## [What the exercise asks]
What lines in the records below include the word "Units"? Return each one.

%%

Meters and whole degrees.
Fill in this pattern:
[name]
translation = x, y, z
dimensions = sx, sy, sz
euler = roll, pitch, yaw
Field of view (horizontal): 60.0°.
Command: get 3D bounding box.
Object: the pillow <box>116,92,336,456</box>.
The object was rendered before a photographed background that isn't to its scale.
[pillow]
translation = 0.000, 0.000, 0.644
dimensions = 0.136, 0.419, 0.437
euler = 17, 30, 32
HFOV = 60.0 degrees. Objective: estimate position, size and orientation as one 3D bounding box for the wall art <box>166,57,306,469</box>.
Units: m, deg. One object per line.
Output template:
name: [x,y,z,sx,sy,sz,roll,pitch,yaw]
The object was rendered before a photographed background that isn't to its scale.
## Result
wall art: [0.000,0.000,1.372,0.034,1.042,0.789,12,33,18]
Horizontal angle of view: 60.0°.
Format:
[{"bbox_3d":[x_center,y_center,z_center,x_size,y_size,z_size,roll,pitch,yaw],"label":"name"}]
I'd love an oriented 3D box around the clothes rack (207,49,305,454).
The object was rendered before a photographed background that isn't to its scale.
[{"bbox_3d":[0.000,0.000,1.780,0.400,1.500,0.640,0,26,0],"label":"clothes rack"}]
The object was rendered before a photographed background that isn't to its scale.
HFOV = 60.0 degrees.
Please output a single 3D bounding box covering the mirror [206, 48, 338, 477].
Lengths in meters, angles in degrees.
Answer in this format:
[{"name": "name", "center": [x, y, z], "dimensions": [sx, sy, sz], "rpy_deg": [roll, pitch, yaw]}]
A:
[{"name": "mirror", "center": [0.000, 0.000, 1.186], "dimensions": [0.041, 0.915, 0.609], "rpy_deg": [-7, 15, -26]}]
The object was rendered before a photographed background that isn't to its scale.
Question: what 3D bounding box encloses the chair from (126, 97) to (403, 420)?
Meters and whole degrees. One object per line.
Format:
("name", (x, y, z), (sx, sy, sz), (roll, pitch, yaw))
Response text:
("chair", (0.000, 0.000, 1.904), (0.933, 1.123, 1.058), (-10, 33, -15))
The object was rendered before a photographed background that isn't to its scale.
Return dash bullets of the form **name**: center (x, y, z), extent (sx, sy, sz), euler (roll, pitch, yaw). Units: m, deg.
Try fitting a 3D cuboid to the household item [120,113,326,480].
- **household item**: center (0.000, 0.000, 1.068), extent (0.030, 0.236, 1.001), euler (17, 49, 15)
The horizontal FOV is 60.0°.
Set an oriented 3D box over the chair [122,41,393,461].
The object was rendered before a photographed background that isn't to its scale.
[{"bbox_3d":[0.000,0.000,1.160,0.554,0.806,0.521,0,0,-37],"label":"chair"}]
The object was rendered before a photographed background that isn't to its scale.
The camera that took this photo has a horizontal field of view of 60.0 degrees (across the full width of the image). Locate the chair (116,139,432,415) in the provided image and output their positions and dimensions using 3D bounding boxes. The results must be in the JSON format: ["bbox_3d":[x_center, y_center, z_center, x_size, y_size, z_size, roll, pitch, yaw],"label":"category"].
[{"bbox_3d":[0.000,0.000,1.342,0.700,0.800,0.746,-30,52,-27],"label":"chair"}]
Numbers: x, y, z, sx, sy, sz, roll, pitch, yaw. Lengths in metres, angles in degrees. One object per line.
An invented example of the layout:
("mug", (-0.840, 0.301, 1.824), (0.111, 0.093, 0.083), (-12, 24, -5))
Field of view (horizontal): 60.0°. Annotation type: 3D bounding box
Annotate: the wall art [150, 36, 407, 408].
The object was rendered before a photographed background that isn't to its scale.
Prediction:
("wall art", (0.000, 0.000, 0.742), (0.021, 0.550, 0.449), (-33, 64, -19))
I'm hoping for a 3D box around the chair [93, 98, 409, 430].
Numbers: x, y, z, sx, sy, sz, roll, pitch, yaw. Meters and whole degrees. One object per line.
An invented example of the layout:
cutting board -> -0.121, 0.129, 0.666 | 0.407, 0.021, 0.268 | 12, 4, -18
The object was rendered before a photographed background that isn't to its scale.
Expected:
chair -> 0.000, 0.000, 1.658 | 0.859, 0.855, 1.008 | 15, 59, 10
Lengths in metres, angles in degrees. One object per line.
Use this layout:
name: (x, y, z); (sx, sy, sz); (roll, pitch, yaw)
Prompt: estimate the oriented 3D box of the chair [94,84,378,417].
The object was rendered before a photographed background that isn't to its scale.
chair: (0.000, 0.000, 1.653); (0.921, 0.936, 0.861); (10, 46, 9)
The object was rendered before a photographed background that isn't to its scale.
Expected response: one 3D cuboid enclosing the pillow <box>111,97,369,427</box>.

%%

## [Your response]
Units: m, deg. One object per line.
Return dash bullets of the form **name**: center (x, y, z), extent (sx, sy, sz), euler (roll, pitch, yaw). Units: m, deg.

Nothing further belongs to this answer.